Add comment explaining structure of UMAAL assembly

Signed-off-by: Hanno Becker <hanno.becker@arm.com>
diff --git a/library/bn_mul.h b/library/bn_mul.h
index 275be60..962d7a9 100644
--- a/library/bn_mul.h
+++ b/library/bn_mul.h
@@ -739,6 +739,16 @@
         mbedtls_mpi_uint tmp_a1, tmp_b1;             \
         asm volatile (
 
+            /* - Make sure loop is 4-byte aligned to avoid stalls
+             *   upon repeated non-word aligned instructions in
+             *   some microarchitectures.
+             * - Don't use ldm with post-increment or back-to-back
+             *   loads with post-increment and same address register
+             *   to avoid stalls on some microarchitectures.

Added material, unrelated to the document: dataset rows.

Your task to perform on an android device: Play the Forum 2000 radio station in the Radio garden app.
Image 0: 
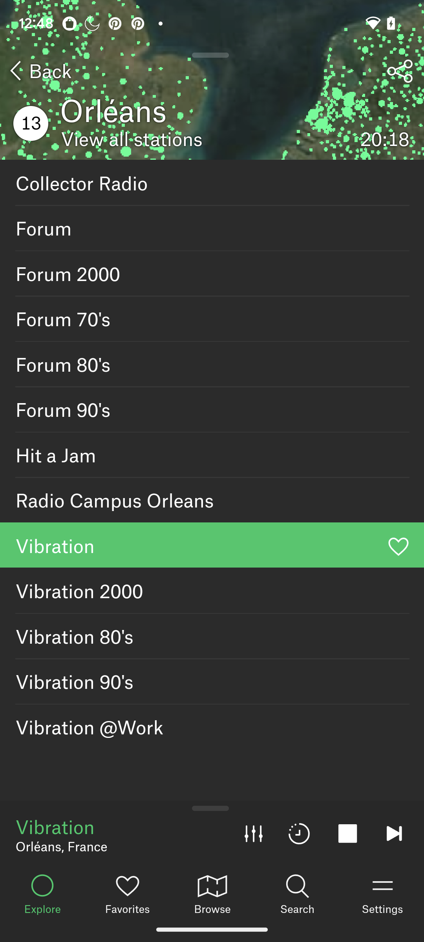
Click on the Forum 2000 station.
Step 0: click (213, 471)
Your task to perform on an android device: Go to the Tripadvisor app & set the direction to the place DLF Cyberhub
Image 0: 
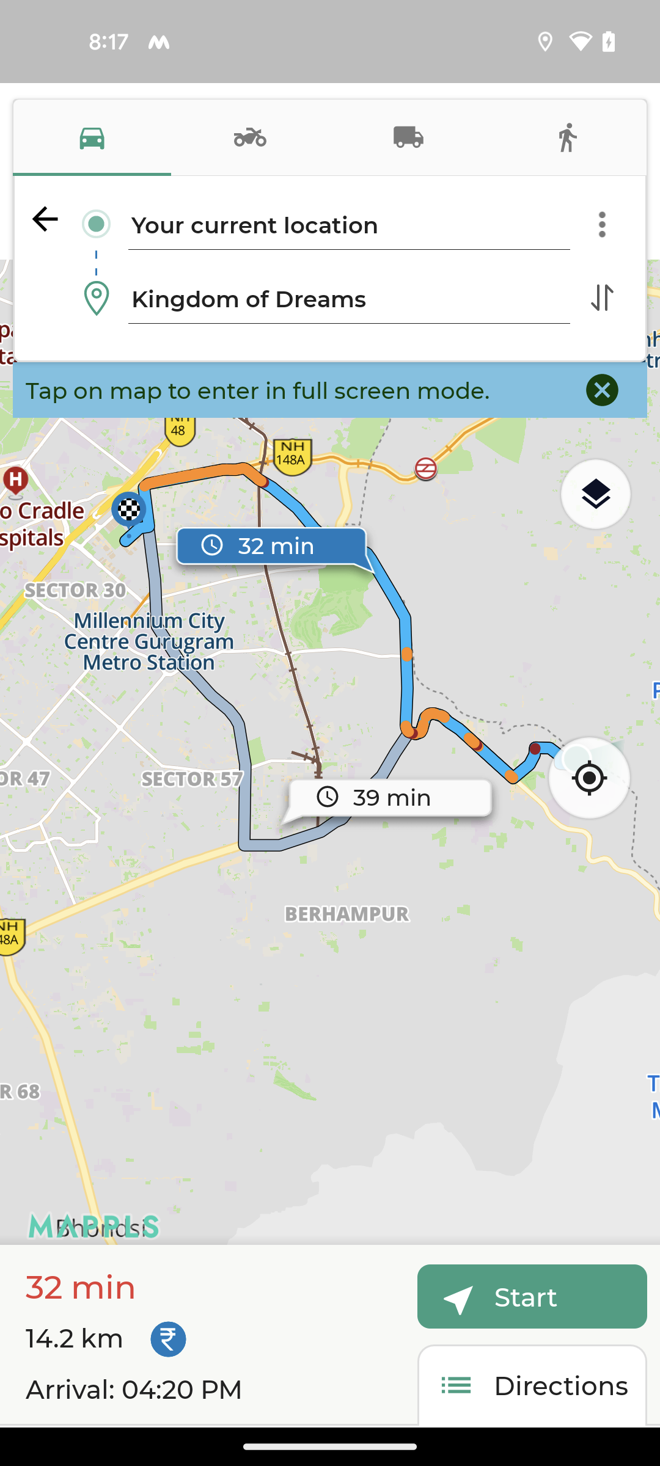
open the Tripadvisor app
Step 0: open app "Tripadvisor"
Image 1: 
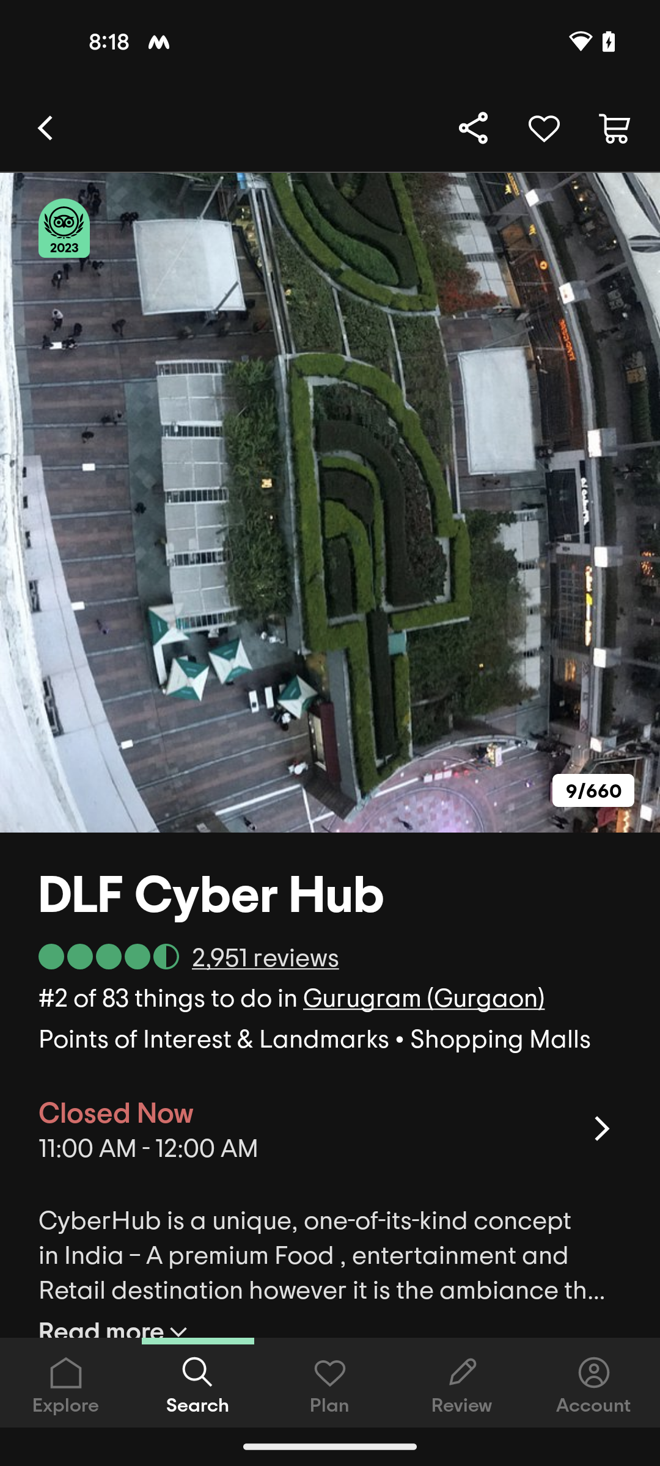
scroll down to view address
Step 1: scroll down
Image 2: 
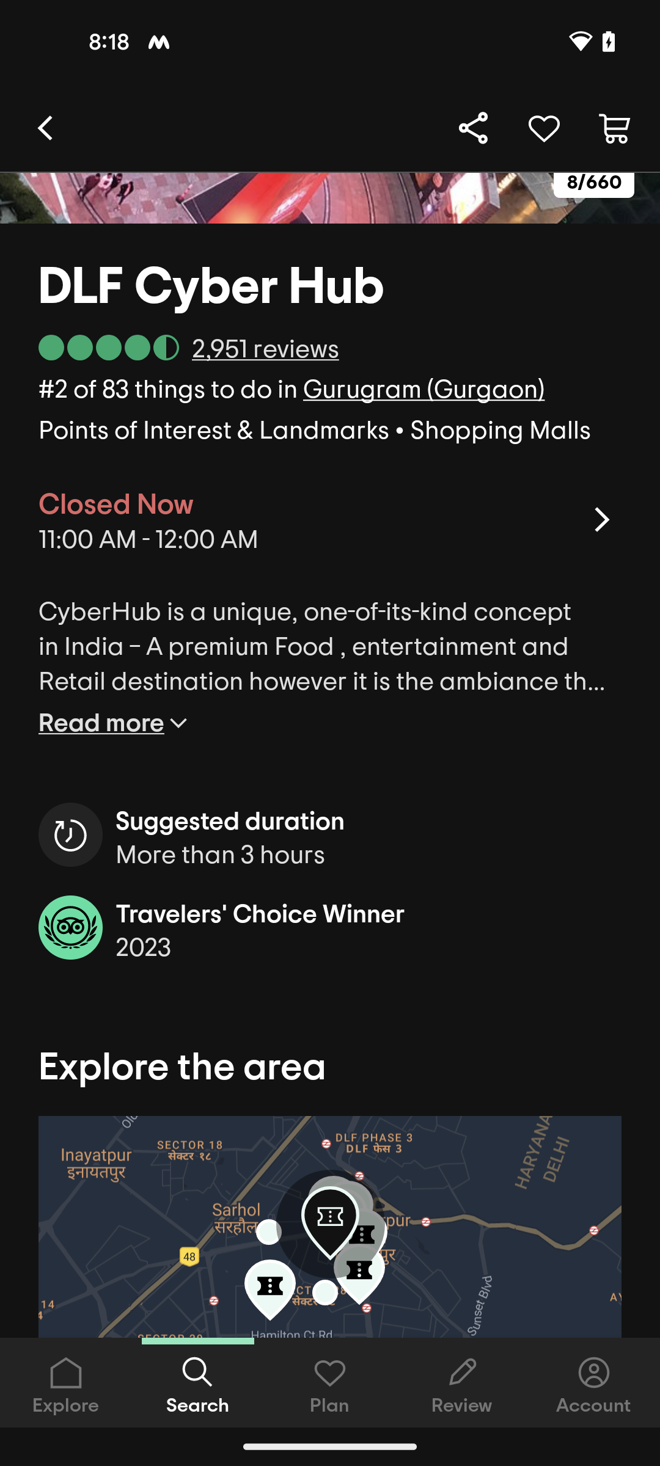
scroll down to view address
Step 2: scroll down
Image 3: 
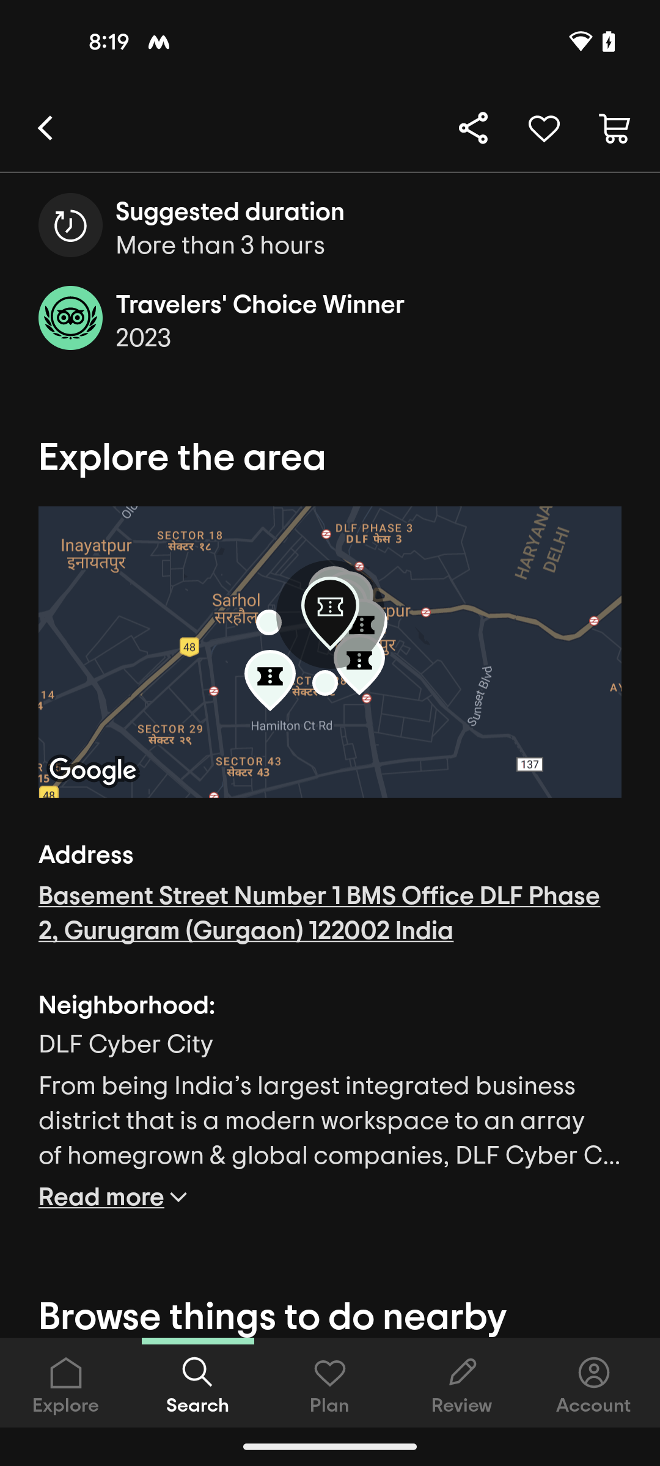
scroll down to view address
Step 3: scroll down
Image 4: 
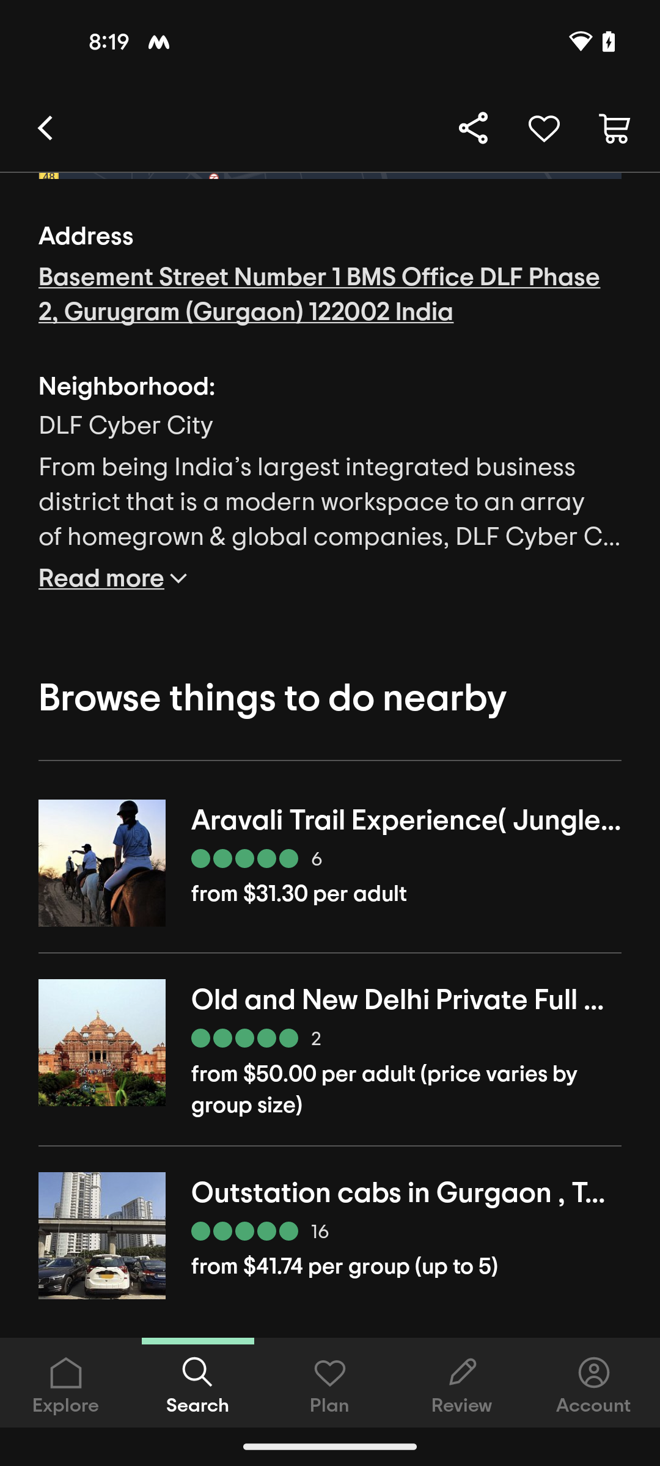
click on the address
Step 4: click (329, 293)
Image 5: 
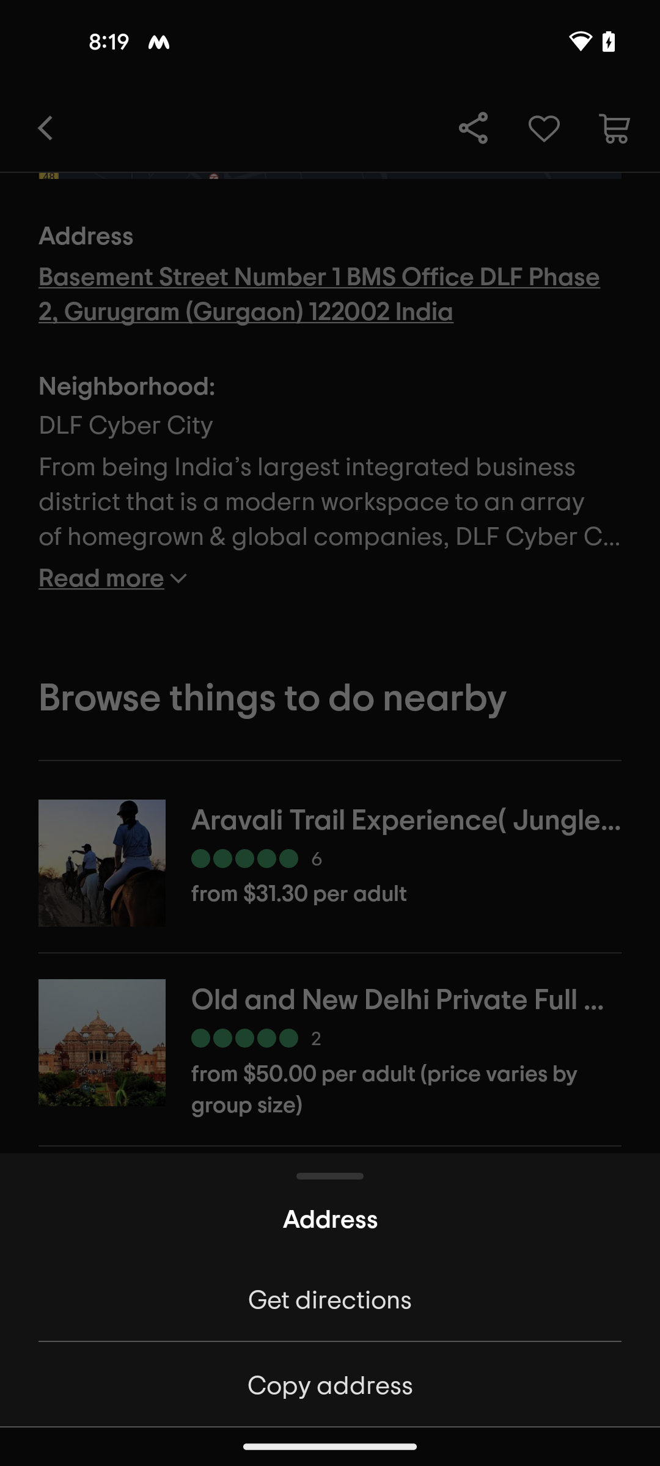
click on the Get directions option
Step 5: click (329, 1298)

+             * - Bunch loads and stores to reduce latency on some
+             *   microarchitectures. E.g., on Cortex-M4, the first
+             *   in a series of load/store operations has latency
+             *   2 cycles, while subsequent loads/stores are single-cycle. */
 #define MULADDC_X2_CORE                                           \
            ".p2align  2                                   \n\t"   \
             "ldr.w    %[a0], [%[in]],  #+8                \n\t"   \